What do I mean by The Edge?

All great teachers have a compelling force that comes from the inside that sets them a part from just someone who is giving a discussion, or sharing a thought, or communicating a principle.  The Edge can be a nondescript energy.  This energy can sometimes be mistaken for annoyance or being perturbed.  The Edge often comes from the fact that the teacher has a lot of complex information, or a difficult concept, that they want to communicate in a way that is life changing.  The Edge is conveyed to a class or a room of people in the notion that the teacher will not have accomplished his/her main purpose for the lesson, unless everyone in the room gets it.

Who are some teachers that I have known over the years that have The Edge?

Mr Erickson (sixth grade teacher, Hawthorne Elementary School, Boise, Idaho)
As we came into the room that bright day in early September, Mr. Erickson, our new teacher for the year had us line up against the wall rather than sit in our assigned desks.  Spitting words at us like a Gatling Gun, Mr. Erickson said, "This is not going to be a normal class.  This is not going to be an easy class.  You are going to be challenged this year in ways that you have never been challenged before.  But after it, if you listen and you learn, you will find that you are a different person."  One of my friends raised their hand in an attempt to clarify what Mr. Erickson meant by 'challenge', but then thought better of it and hid his hand behind his back.  I will never forget my year with Mr. Erickson.  That year we learned about Hydogren Chloride, the 'jell mass' of Shampoos, and many other things.  Mr. Erickson had - The Edge.

Professor Adrienne Christiansen, Macalester College, class on The Rhetorical Tradition
The class that boring morning was focussed on a discussion of Platonic f'orms' and their differences with Aristotelian 'forms'.  A student raised his hand, "Dr. Christiansen, it seems to me that Plato and Aristotle are very similar.  Both Greek philosophers, both concerned with classification."  Professor Christiansen answered, "Actually nothing could be further from the truth.  Plato talked about a higher form, Aristotle was just concerned with writing every single classification down."  I never received higher than a C grade on any paper or exam that I turned into Professor Christiansen.  She wasn't always nice to me.  But she had an indispensable, undeniable force that compelled her teaching from within.  She had - The Edge.

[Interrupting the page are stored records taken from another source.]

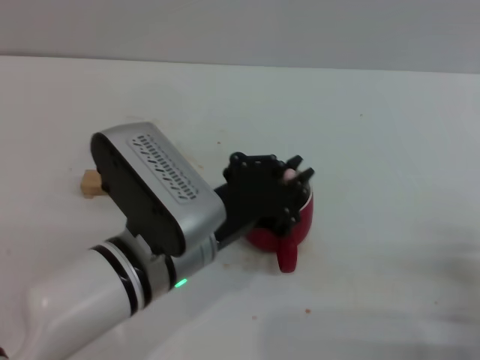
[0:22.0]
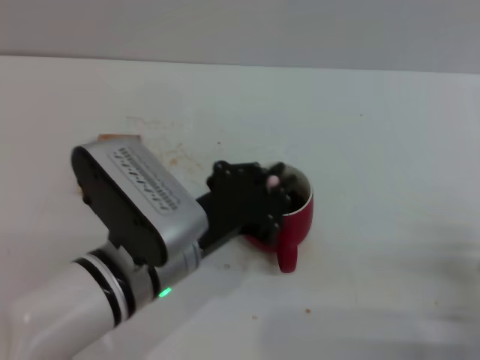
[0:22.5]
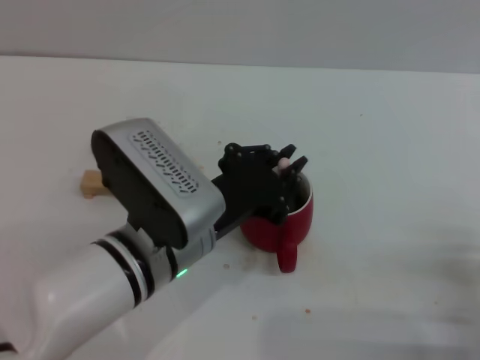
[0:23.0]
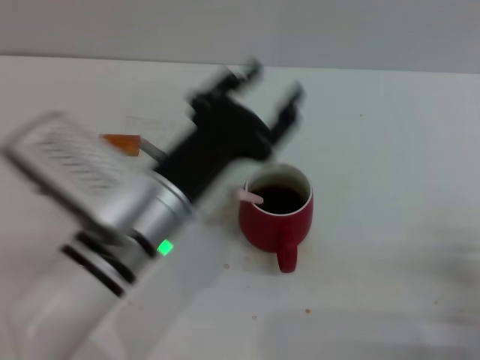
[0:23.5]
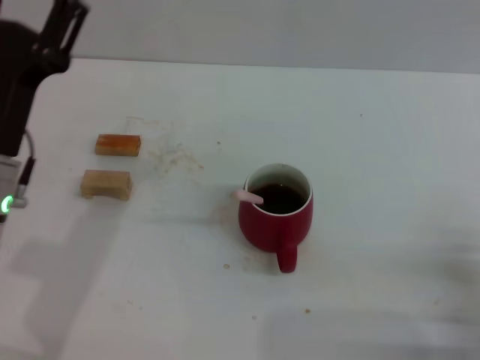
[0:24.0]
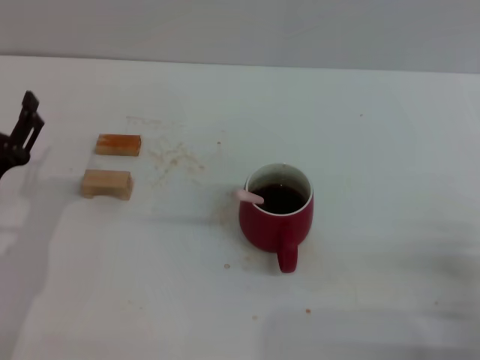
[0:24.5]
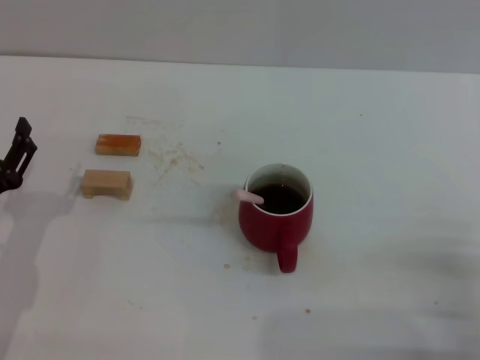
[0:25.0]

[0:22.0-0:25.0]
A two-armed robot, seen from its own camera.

Dr. Charles Ryerson, (Princeton Seminary, class on Hinduism and the Christian Context
As we sat in our tables in Templeton Hall, Ryerson began, "I don't know what any of you learned in college.  I mean, honestly, some of you I wonder how you even got accepted to this seminary.  Christianity is not some set of rules or Bible texts or principles.  It is who you are, deep within you, a context that was deeply embedded in your whole world outlook."  I would later travel the Indian subcontinent on a research scholarship given by and mentored by Dr. Ryerson.  Before I sat under the tutelage of Ryerson, I never knew much, or to be honest, cared much about India.  Now it is one of my favorite countries in the world.  Mr. Ryerson had - The Edge.

Rev. Earl Palmer (West Coast Pastor's Conference, Mt. Hermon, California)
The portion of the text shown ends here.